ORDER BY sort ASC, total_sales DESC;
        

Done.


country,number_of_customers,total_sales,average_sales_customer,average_order
USA,13,1040.4899999999998,80.0376923076923,7.942671755725189
Canada,8,535.5900000000001,66.94875000000002,7.047236842105265
Brazil,5,427.68000000000006,85.53600000000002,7.011147540983608
France,5,389.0699999999999,77.81399999999998,7.781399999999998
Germany,4,334.62,83.655,8.161463414634147
Czech Republic,2,273.24000000000007,136.62000000000003,9.108000000000002
United Kingdom,3,245.52,81.84,8.768571428571429
Portugal,2,185.13,92.565,6.383793103448276
India,2,183.15,91.575,8.72142857142857
Other,15,1094.9400000000005,72.99600000000002,7.44857142857143


## Analyzing Full Album Puchases

The Chinook is considering whether they should keep purchasing whole album from records companies.
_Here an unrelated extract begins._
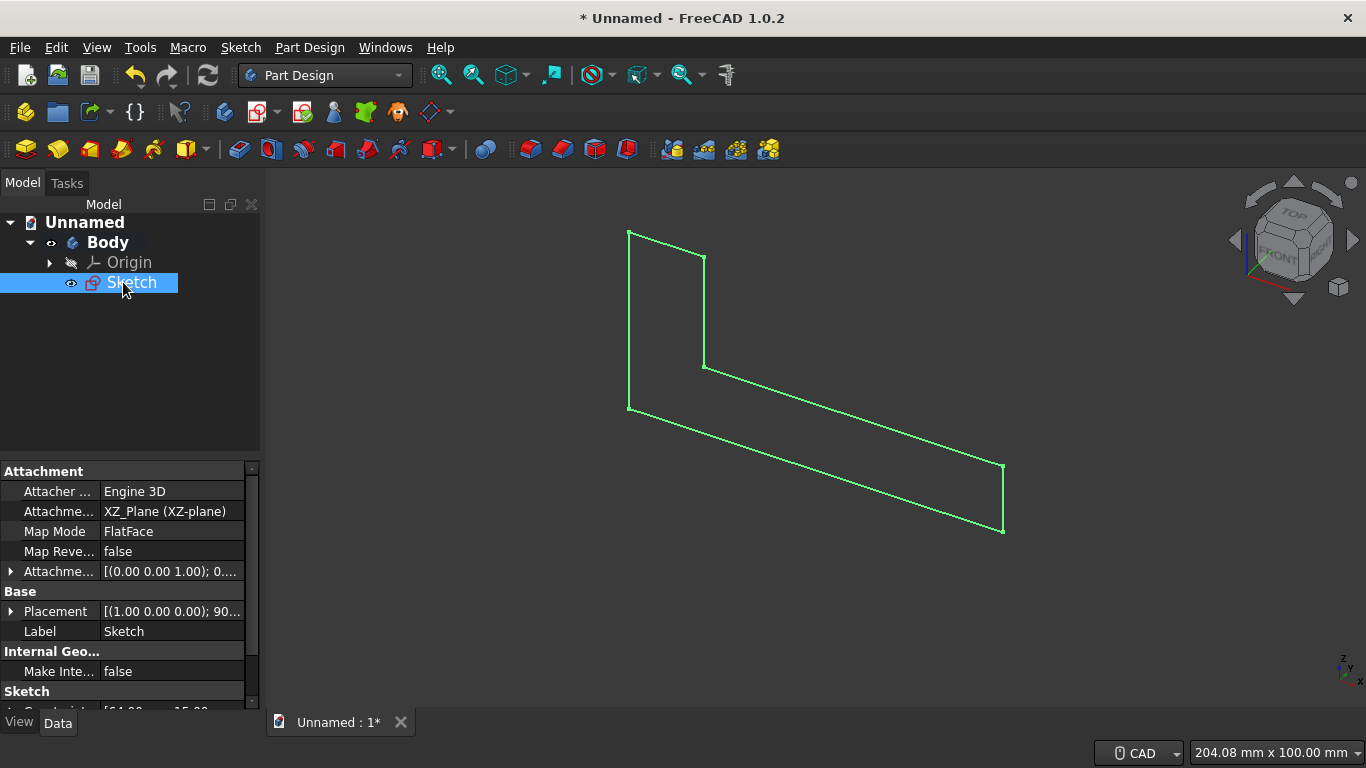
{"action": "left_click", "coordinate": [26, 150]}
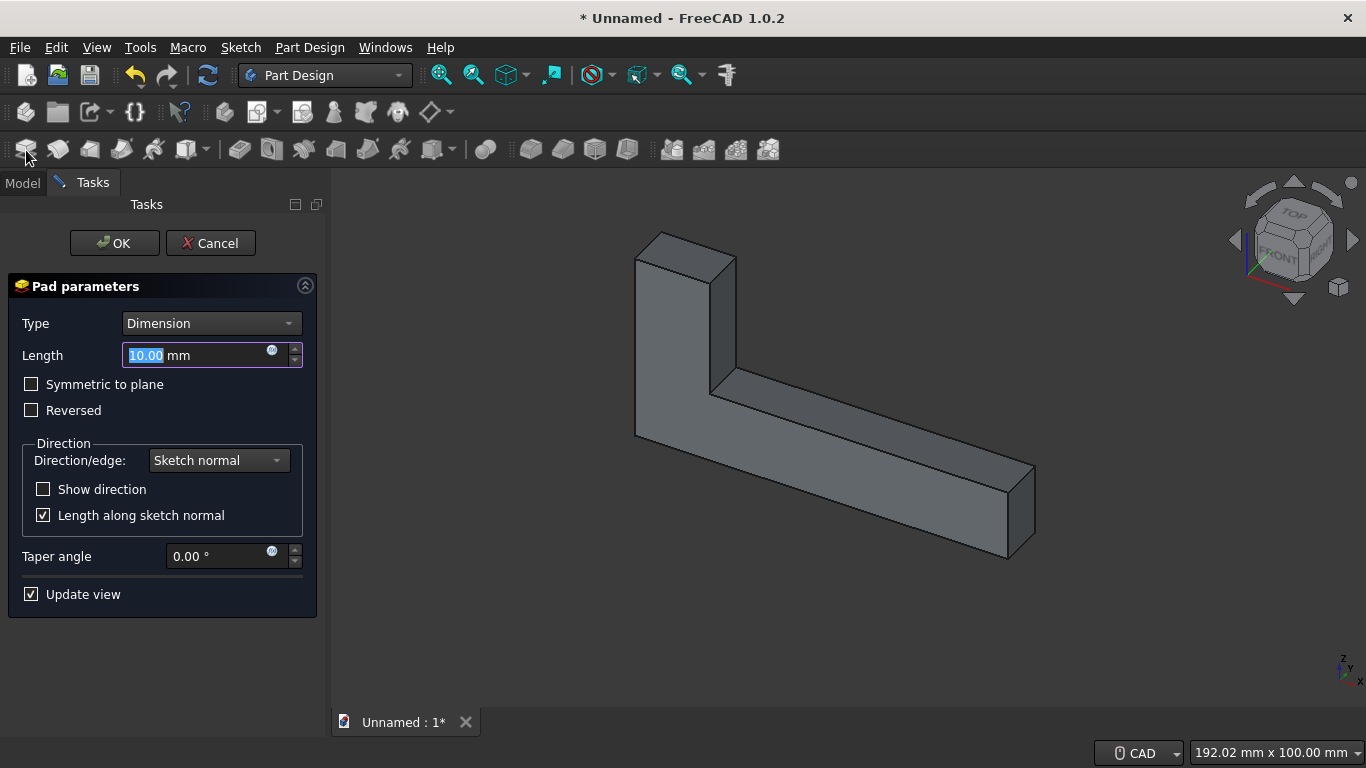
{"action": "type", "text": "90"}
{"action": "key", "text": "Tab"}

We will analyze whole album sales and advise the company whether they should keep purchase whole albums instead purchase only the most popular tracks.

In [6]:
%%sql
WITH first_track_invoice AS
                            (
                                SELECT MIN(track_id) first_track_id, invoice_id
                                FROM invoice_line
                                GROUP BY invoice_id
                            )
    
SELECT  album_purchase, 
        COUNT(invoice_id) number_of_invoices,
        CAST(COUNT(invoice_id) AS FLOAT) / (SELECT COUNT(invoice_id) FROM invoice) percentage
FROM (
        SELECT fti.*,
            CASE 
                WHEN (SELECT track_id
                      FROM track 
                      WHERE album_id = (SELECT t2.album_id FROM track t2 WHERE t2.track_id = fti.first_track_id)
                      EXCEPT
                      SELECT track_id
                      FROM invoice_line WHERE invoice_id = fti.invoice_id) IS NULL
                AND
                    (SELECT track_id
                     FROM invoice_line WHERE invoice_id = fti.invoice_id
                     EXCEPT 
                     SELECT track_id
                     FROM track
                     WHERE album_id = (SELECT t2.album_id FROM track t2 WHERE t2.track_id = fti.first_track_id)) IS NULL
                THEN 'yes'
                ELSE 'No'
            END AS album_purchase
        FROM first_track_invoice fti
     )
GROUP BY album_purchase;


Done.


album_purchase,number_of_invoices,percentage
No,500,0.8143322475570033
yes,114,0.1856677524429967


Our analysis showed whole album sales comprised almost 20% of the total sales. We will advise the company to keep purchase whole album so they will not lose 20% of the sales.